— Вот осенью в Париж съезжу — тогда примусь вовсю.
— Черт его знает! Париж. Поезжайте. Я вас буду встречать.
Задолго до сентября я всем разболтал, что еду в Париж. Дела мои разделились: это до Парижа, это после. «Вот вернусь из Парижа,— обещал я старикам в Пашковской,— тогда зайду». Мои беседы с Толстопятом прерывались мечтаниями о моей поездке.
— Вы меня возбудили, мон шер,— сказал он как-то.— Я засыпаю и думаю о том, как вы поедете, увидите Булонский лес, Елисейские поля, Монмартр и, может быть, домишко, в котором жил ваш покорный слуга. Зайдите в церковь на рю Дарю, где я в двадцать седьмом нашел Юлию Игнатьевну. Бедняжка, ее нет с нами. Позвоните Бурсаку. Поезжайте, поезжайте. Не пожалеете. Когда-то мадам Бурсак ездила каждую зиму. А вы чем хуже?
Десятого августа я встретил Верочку. Она стояла на углу улиц Ворошилова и Красноармейской с Лисевицким, одетым во все белое. Я шел из архива и напоминал, видно, того неудачника, который чем-то увлечен, но пока никакого толку. Минуту назад Верочке было весело и хорошо с Лисевицким, и вот она на глазах изменилась; ей почему-то неудобно за него, она даже отступила на несколько шагов, сдвинула брови, словно и я был виноват в том, что застал их в конце аллеи Ворошиловского сквера. Она еще более злилась на Лисевицкого во время нашего разговора. Все романы кончаются. В первое утро, провожая Лисевицкого к акациям за ворота, она устрашала себя: «Вот и все, больше он не придет...» Потом она раза три ночевала у Лисевицкого, почти не спала, караулила первый свет в окошке. Пять часов утра! Она идет вдоль трамвайной линии, и ей кажется, будто во всем мире она такая одна — и счастливая, и немножко грешная: все, кажется, живут так обыденно, откровенно, им нечего таить, и нынче ночью только она, Вера, обнималась с мужчиной. Так она нашла счастье в скрытой любви. Ради этого книжника она лгала поклонникам и подругам: уезжаю-де в станицу, болею, устала и т. п. Лгала в день своего рождения, чтобы никто к ней не пришел. Все ради него, полоумного книжника.

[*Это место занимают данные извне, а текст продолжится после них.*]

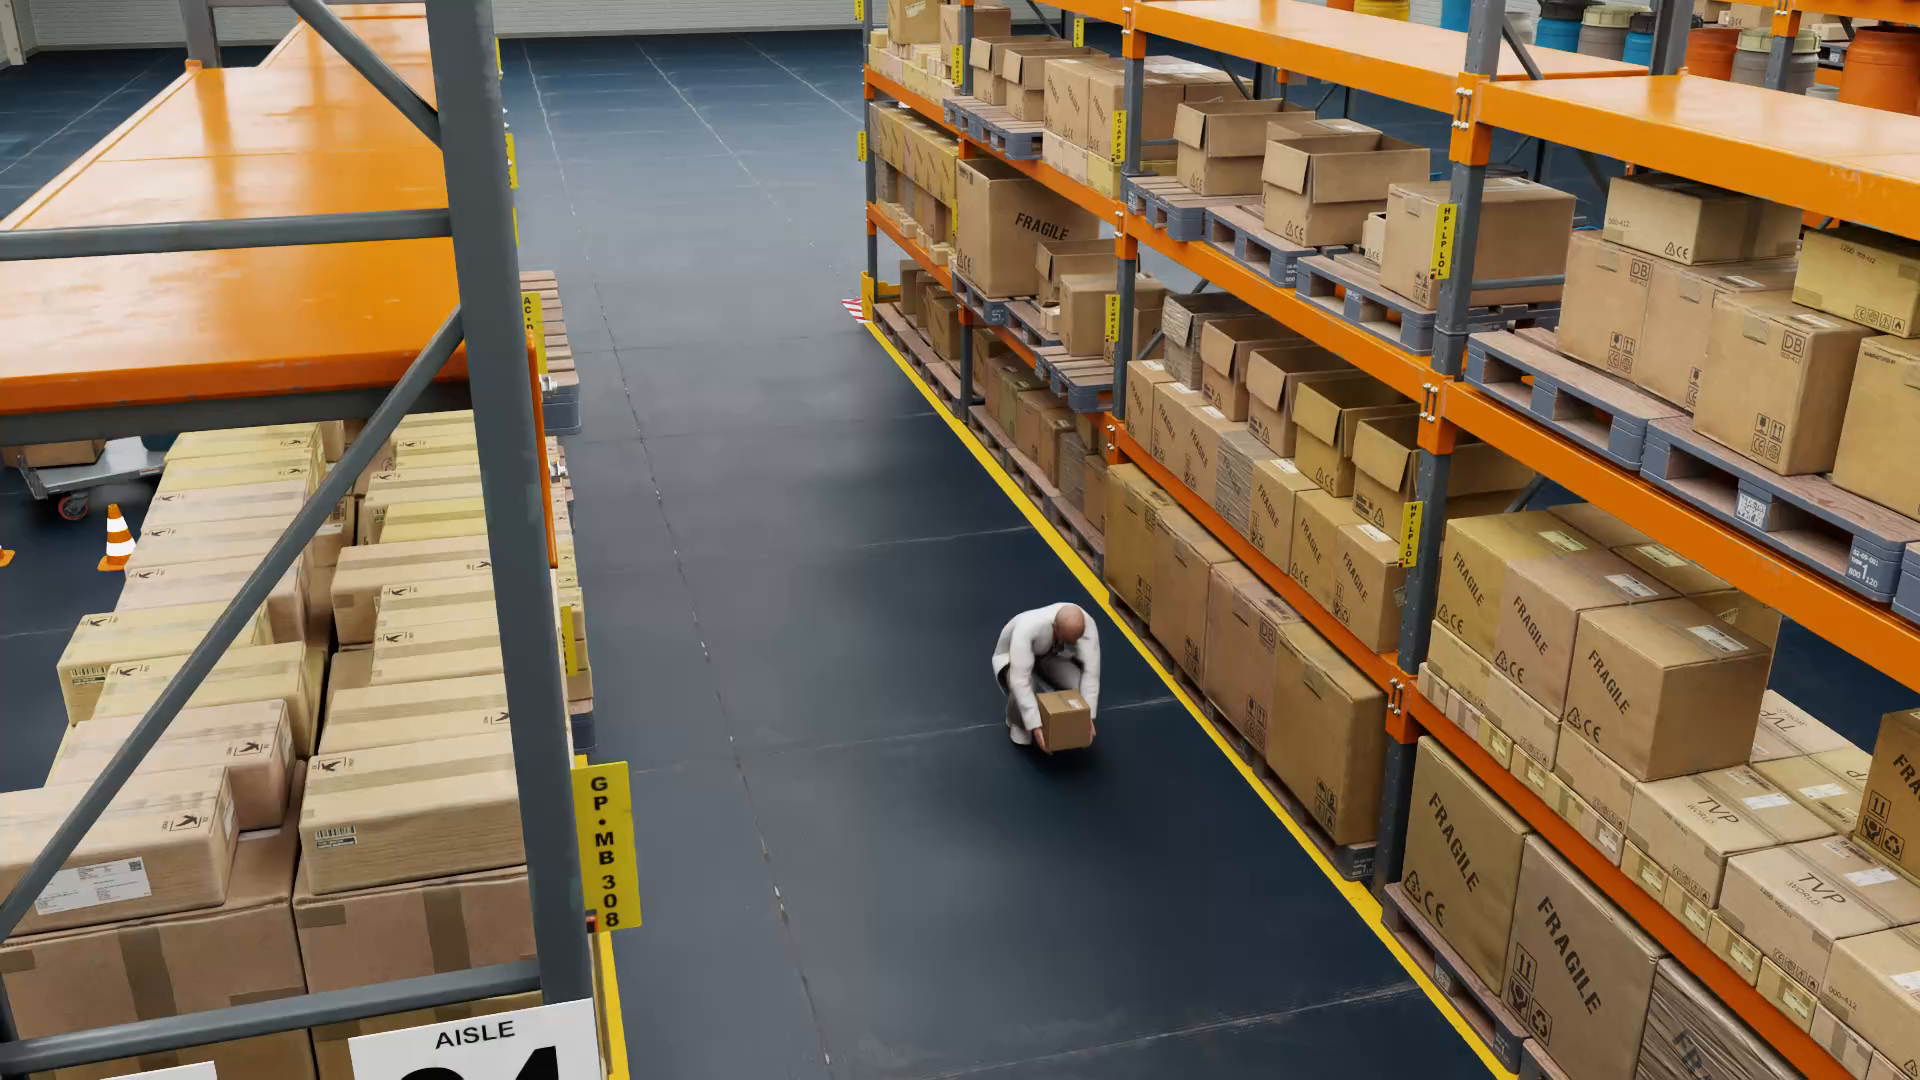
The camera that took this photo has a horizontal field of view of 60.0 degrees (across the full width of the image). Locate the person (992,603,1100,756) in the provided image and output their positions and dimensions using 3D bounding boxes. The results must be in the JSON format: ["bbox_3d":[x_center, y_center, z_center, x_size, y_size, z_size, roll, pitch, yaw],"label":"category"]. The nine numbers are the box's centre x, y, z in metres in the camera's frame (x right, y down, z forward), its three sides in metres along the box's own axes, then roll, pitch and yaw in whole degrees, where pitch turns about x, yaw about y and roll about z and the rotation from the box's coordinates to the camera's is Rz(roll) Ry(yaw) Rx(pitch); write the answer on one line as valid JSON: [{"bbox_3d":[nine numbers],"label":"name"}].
[{"bbox_3d":[0.518,0.760,9.918,0.603,0.977,0.909,-6,23,-14],"label":"person"}]
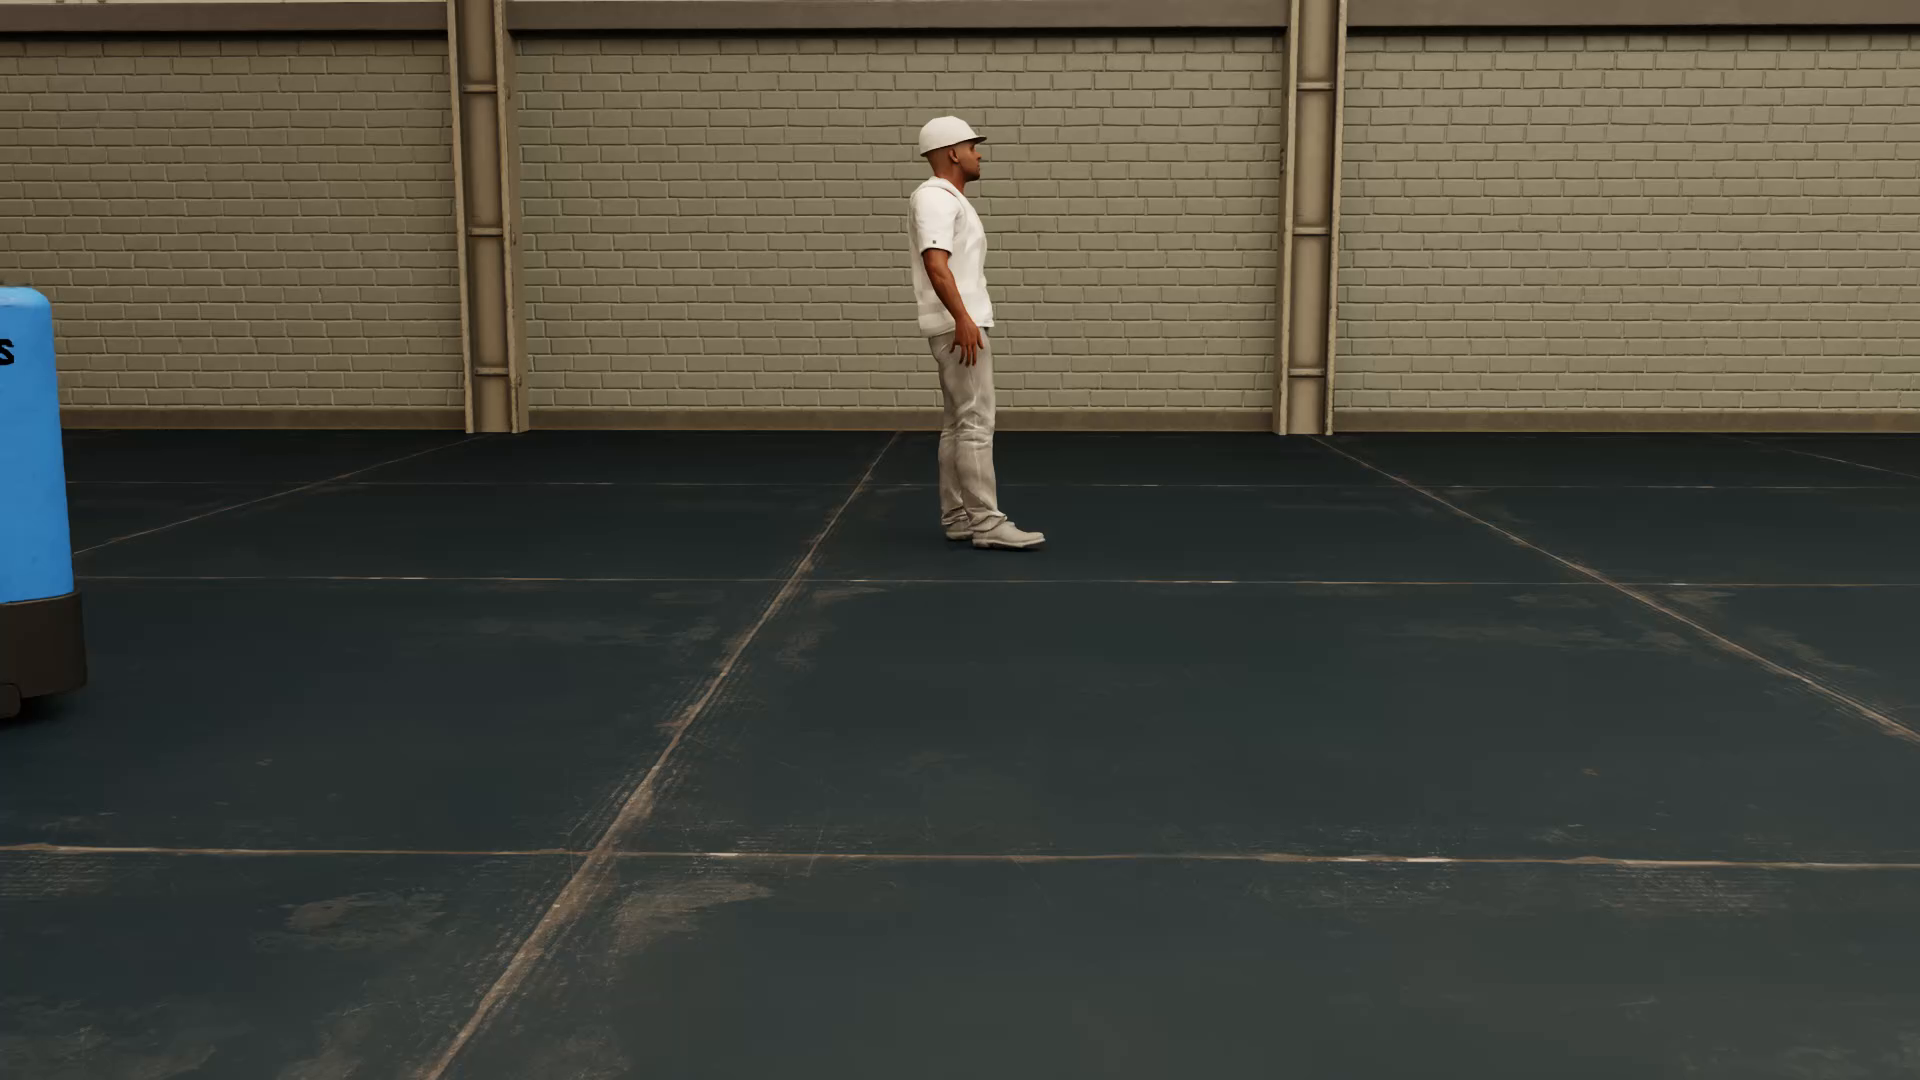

Ее жалели, такую красивую, одинокую, подсылали к ней женихов, но она почему-то ломалась. «Я все равно сбегу,— говорила.— Без любви не могу». Ей звонили сорокалетние холостяки, по телефону им легче было утонуть в нежности к ней: «Если б вы знали, что у меня на душе, когда слышу ваш голос». Она невинно смеялась и отказывала в свидании, отказывала все же мягко, безобидно, так что еще приберегалась вроде надежда (по крайней мере, звонить и уговаривать). Одинокой женщине нужно на всякий случай поддерживать мужской восторг. Долго ли бы она протерпела — не подоспей Лисевицкий? Месяц, два.